Therefor it’s natural that people also started to play with AEM in docker (https://adapt.to/2016/en/schedule/running-aem-in-docker.html, https://www.linkedin.com/pulse/running-aem-docker-satendra-singh and many more).
Of course I was challenged with the requirement to run AEM in docker too. Customers and partners asking how to run AEM in docker. If I can provide dockerfiles etc. I am hestitating to do it, because for me docker and AEM are not a really good fit (right now with AEM 6.3 in 2017).
Some background first: Docker containers should be stateless. Only if the application within the container does not hold any persistent state, you can shut it down (which means deleting all the files created by the application in the container itself), start it up, replace it by a different container holding a new version of the application etc. The whole idea is to make the persistent state somebody else’s problem (typically a database). Deployments should be as easy as starting new docker instances (from a pre-tested and validated docker images) and shutting down the old ones. Not working and testing in production anymore.
So, how does that collide with AEM? AEM is not only an application, but the application is closely tied with a repository, which holds state. Typically the application is stored within the repository, next to the “user data” (= content). This means, that you cannot just replace an AEM instance inside docker by a new instance without loosing this content (or resetting it to a state, which is shipped with the docker image). Loosing content is of course not acceptable.
So the typical docker rollout approach of new application versions (bringing new instances live based on a new docker image and shutting down the old ones) does not work with AEM; the content sitting in the repository is the problem.
People then came up with the idea, that the repository can stored outside of the docker image, so isn’t lost on restart/replacement of the image. Docker calls this “host directory as data volume” (https://docs.docker.com/engine/tutorials/dockervolumes/#locate-a-volume).

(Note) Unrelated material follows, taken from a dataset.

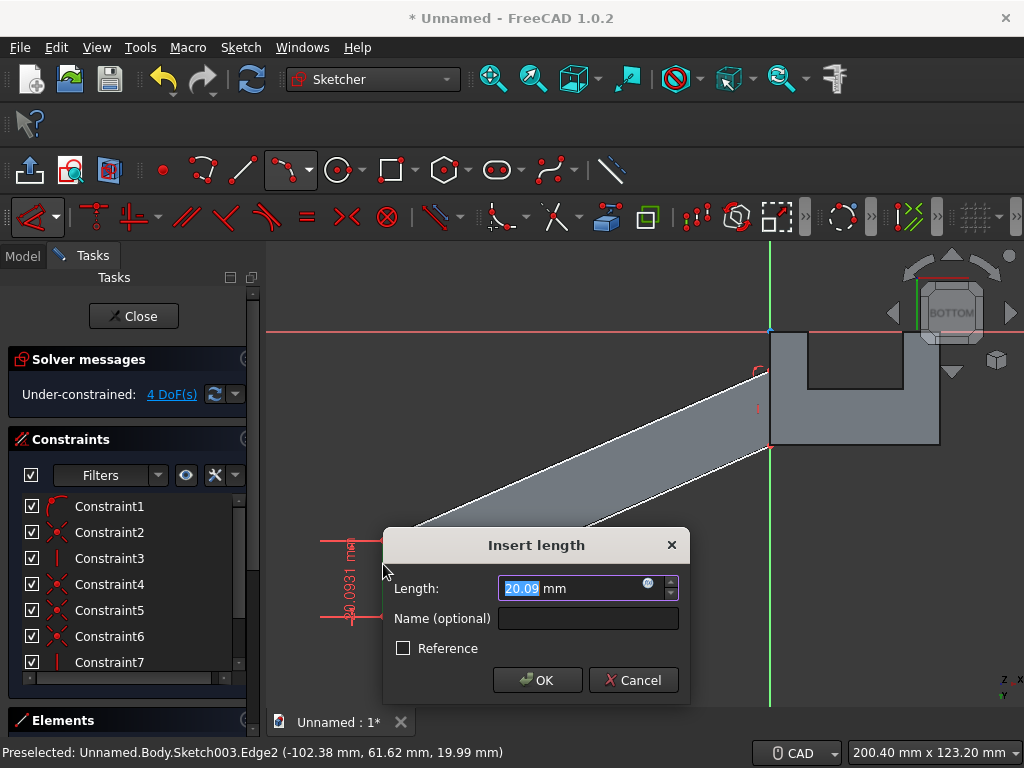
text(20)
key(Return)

That idea sounds neat and of course it works. But then we have a different problem. When you start a new docker image and you mount this data volume containing the repository state, your AEM still runs the “old” version of your application. Starting the repository from a different docker image doesn’t bring any benefit then.
When you want to update your AEM application inside the repository, you would still need to perform an installation of your application into a running repository. Working in a production environment. And that’s not the idea why you want to use docker.
With docker we just wanted to start the new images and to stop the old ones.
Therefor I do not recommend to use docker with AEM; there is rarely a value for it, but it makes the setup more complicated without any real benefit.
The only exceptions I would accept are really short-lived instances, where hosting the repository inside the docker system isn’t a problem and purging the repo on shutdown is even a feature. Typically these are short-lived development instances (e.g. triggered by Continous integration pipeline, where you automatically create dedicated docker instances for feature branches). But that’s it.
And as a sidenote: This does not only affect TarMK-based AEM instances. If you have mongo-based instances, the application is also stored within the (Mongo-) repo. Just running AEM in a new docker image doesn’t update the application magically.
To repeat myself: This considers the current state. I know that the AEM engineering is perfectly aware of this fact, and I am sure that they try to adress it. Let’s wait for the future 🙂